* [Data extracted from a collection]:
.....

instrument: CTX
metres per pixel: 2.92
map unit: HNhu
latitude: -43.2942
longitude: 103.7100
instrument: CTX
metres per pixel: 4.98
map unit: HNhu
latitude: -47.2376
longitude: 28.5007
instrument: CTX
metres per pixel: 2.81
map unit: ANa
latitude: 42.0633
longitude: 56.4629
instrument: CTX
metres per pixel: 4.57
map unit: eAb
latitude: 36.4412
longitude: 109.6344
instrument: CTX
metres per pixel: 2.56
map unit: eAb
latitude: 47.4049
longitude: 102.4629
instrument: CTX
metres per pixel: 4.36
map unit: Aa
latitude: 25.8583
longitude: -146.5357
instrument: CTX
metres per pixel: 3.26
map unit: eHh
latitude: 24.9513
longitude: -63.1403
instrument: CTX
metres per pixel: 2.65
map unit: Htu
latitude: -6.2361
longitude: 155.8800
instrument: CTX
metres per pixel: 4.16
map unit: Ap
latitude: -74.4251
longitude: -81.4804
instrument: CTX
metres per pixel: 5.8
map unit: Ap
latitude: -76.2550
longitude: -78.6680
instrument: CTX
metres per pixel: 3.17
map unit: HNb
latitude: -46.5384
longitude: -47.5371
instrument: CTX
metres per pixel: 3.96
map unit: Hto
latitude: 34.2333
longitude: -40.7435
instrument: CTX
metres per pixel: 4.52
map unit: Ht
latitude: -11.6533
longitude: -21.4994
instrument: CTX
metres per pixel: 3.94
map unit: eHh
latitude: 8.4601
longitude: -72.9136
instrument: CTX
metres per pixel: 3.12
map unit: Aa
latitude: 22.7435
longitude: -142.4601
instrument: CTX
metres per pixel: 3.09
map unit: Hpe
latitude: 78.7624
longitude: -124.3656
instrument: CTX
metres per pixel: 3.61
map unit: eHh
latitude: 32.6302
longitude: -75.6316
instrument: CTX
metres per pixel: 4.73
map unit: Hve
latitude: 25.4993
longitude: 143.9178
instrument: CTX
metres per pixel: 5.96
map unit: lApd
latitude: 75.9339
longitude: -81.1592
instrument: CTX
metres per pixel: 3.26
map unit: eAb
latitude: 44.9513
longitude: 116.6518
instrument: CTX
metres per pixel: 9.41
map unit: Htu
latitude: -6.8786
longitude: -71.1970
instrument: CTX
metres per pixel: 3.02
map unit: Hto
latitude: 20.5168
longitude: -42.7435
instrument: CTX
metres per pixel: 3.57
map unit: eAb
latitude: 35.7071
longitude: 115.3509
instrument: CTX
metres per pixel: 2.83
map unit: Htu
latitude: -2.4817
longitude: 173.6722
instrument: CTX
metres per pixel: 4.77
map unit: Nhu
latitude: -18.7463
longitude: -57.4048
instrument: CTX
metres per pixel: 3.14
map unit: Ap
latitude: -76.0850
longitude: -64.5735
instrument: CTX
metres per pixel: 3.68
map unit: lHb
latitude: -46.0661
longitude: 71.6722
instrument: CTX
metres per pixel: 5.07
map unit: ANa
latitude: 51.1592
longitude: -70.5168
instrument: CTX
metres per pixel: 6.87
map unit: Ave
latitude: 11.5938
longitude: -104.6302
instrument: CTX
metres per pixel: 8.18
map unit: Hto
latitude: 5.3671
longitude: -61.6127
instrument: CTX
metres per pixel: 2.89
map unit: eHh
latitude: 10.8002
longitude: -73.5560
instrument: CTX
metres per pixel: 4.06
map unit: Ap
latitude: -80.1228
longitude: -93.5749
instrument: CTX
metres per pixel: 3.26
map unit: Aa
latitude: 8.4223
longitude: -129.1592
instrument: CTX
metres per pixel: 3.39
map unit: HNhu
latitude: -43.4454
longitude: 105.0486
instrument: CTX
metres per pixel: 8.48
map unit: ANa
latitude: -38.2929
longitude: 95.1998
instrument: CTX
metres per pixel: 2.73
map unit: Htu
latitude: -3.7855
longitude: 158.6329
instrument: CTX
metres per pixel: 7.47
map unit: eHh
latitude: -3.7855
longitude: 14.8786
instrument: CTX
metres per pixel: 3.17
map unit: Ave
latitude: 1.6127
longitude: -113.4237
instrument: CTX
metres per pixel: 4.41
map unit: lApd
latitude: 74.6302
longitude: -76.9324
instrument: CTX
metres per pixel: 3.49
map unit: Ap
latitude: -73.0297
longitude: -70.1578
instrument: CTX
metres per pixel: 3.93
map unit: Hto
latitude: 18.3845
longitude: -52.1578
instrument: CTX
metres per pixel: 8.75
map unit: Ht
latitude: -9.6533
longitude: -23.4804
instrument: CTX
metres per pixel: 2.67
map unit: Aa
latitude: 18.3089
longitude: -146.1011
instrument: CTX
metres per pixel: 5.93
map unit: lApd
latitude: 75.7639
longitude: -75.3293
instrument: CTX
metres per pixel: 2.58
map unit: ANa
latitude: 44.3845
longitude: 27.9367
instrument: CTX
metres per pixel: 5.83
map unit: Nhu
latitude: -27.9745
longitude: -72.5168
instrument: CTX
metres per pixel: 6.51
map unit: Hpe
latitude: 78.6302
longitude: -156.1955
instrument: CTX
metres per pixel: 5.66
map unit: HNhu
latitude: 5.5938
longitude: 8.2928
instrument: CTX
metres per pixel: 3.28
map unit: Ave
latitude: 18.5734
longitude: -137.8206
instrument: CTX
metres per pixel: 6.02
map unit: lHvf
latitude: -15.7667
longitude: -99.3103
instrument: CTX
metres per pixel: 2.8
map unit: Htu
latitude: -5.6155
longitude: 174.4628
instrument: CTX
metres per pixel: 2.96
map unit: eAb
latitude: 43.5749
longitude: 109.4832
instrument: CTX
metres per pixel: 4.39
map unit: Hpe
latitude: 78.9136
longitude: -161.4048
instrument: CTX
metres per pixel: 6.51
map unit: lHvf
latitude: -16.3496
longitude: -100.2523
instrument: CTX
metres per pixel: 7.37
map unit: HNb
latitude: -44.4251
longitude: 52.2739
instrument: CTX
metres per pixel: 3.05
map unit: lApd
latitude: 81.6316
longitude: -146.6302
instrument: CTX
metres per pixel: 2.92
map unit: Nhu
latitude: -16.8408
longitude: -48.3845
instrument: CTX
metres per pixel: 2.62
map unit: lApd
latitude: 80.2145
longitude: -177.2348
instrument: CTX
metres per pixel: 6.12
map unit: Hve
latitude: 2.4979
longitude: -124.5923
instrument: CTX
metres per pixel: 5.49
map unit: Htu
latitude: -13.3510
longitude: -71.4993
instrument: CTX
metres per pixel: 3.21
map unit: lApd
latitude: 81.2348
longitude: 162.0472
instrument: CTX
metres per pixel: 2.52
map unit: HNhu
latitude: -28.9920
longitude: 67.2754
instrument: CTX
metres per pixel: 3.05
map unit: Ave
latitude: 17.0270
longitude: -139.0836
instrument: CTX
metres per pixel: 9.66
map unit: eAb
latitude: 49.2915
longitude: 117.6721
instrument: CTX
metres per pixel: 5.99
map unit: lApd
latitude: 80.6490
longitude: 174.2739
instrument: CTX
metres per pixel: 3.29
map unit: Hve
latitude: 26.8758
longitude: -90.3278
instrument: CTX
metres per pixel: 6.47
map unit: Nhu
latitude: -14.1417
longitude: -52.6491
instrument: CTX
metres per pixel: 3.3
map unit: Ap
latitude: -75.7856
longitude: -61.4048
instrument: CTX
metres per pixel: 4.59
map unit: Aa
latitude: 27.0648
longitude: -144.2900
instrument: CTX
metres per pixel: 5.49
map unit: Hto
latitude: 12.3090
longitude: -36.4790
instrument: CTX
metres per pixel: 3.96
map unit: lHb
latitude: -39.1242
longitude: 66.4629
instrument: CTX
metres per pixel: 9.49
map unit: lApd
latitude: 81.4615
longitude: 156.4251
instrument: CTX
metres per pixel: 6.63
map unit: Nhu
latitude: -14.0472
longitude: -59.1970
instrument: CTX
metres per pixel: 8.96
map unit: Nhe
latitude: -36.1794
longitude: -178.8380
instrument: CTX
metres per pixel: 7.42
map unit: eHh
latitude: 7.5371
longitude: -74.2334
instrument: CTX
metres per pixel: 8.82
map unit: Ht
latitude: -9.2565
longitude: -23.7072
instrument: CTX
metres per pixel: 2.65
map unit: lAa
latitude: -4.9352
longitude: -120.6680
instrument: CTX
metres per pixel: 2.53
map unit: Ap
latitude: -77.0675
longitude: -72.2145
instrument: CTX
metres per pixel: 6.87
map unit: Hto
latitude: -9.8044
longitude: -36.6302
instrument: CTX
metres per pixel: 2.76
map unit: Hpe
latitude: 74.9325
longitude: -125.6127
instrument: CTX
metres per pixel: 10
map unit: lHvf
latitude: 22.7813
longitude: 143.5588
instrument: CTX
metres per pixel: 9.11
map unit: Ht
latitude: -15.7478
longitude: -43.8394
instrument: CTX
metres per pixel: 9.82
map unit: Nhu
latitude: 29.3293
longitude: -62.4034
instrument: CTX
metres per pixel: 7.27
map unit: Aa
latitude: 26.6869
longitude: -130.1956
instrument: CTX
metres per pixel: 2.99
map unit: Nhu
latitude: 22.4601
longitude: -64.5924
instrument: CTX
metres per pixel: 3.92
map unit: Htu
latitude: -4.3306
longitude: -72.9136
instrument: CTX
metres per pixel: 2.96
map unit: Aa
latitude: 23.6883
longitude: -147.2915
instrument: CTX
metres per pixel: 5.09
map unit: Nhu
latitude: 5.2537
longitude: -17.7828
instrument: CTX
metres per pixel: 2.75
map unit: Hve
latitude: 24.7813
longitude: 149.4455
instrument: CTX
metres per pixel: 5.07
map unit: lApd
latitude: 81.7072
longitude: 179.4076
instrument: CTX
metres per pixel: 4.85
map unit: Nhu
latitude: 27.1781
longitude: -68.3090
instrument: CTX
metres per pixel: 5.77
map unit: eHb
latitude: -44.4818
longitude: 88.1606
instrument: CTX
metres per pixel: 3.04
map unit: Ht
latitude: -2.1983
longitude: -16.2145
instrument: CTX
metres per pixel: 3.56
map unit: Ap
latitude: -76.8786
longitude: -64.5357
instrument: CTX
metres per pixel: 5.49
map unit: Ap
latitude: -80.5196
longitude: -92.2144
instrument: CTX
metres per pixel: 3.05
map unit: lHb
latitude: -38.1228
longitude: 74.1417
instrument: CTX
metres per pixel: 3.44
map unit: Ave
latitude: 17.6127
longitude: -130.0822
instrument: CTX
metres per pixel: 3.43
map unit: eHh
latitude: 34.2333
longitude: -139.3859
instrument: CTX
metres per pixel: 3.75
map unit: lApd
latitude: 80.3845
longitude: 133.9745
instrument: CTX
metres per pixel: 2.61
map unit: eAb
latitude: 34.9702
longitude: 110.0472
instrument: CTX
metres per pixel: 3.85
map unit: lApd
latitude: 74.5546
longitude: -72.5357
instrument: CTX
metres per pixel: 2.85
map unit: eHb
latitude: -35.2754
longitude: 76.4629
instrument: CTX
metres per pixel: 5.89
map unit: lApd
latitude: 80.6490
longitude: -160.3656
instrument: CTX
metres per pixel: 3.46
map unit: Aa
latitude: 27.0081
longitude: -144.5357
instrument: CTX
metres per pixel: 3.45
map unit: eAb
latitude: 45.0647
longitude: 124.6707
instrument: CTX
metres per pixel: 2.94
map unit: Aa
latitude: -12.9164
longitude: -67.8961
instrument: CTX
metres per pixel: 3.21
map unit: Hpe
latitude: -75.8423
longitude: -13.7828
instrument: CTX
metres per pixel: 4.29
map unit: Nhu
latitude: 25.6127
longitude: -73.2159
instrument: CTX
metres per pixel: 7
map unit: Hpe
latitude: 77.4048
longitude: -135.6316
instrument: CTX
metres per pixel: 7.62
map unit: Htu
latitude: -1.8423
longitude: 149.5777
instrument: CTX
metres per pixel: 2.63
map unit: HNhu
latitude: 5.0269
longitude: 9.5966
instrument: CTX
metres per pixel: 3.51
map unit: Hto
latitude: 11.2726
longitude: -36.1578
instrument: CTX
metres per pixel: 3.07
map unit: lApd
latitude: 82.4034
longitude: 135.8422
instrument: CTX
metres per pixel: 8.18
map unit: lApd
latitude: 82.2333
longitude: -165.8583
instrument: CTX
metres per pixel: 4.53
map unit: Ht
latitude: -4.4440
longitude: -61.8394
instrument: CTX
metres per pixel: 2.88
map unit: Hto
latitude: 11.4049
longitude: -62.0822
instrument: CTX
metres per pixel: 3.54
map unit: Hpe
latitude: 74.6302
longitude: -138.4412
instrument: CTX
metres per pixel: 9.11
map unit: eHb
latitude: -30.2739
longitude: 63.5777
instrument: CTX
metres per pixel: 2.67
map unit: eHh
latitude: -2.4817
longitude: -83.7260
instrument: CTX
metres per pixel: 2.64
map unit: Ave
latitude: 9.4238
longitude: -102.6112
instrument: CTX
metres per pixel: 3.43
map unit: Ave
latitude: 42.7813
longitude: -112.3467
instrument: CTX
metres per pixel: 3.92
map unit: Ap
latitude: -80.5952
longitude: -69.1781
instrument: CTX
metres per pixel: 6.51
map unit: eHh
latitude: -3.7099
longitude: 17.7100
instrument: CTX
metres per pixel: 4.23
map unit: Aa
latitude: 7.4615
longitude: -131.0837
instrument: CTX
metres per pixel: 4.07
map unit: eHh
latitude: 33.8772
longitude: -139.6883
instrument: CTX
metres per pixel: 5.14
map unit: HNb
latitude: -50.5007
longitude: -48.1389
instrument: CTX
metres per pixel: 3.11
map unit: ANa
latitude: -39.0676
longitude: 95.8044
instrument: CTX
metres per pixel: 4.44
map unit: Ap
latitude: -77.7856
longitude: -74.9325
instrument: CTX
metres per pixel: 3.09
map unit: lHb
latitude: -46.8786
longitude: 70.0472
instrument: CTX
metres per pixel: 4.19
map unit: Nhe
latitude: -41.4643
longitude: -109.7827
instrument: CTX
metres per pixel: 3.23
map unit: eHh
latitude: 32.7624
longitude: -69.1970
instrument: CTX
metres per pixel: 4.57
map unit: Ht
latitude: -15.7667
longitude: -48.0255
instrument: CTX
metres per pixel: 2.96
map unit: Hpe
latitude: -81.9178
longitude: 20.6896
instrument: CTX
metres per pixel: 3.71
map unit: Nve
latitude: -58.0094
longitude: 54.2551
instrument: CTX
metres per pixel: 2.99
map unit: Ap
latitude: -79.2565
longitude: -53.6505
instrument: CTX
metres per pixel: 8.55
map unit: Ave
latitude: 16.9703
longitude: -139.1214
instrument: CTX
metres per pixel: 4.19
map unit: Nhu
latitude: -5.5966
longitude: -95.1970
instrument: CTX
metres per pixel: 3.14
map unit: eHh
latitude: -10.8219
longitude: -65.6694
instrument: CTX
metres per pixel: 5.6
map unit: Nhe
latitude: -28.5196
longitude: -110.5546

.....

* [EXERCISE DESCRIPTION]: Copy out, word for word, the part of the entries above that begins at the line with "longitude: -23.4804" and ends at the line with "latitude: 44.3845", including both.

* [OUTPUT BELOW]:
longitude: -23.4804
instrument: CTX
metres per pixel: 2.67
map unit: Aa
latitude: 18.3089
longitude: -146.1011
instrument: CTX
metres per pixel: 5.93
map unit: lApd
latitude: 75.7639
longitude: -75.3293
instrument: CTX
metres per pixel: 2.58
map unit: ANa
latitude: 44.3845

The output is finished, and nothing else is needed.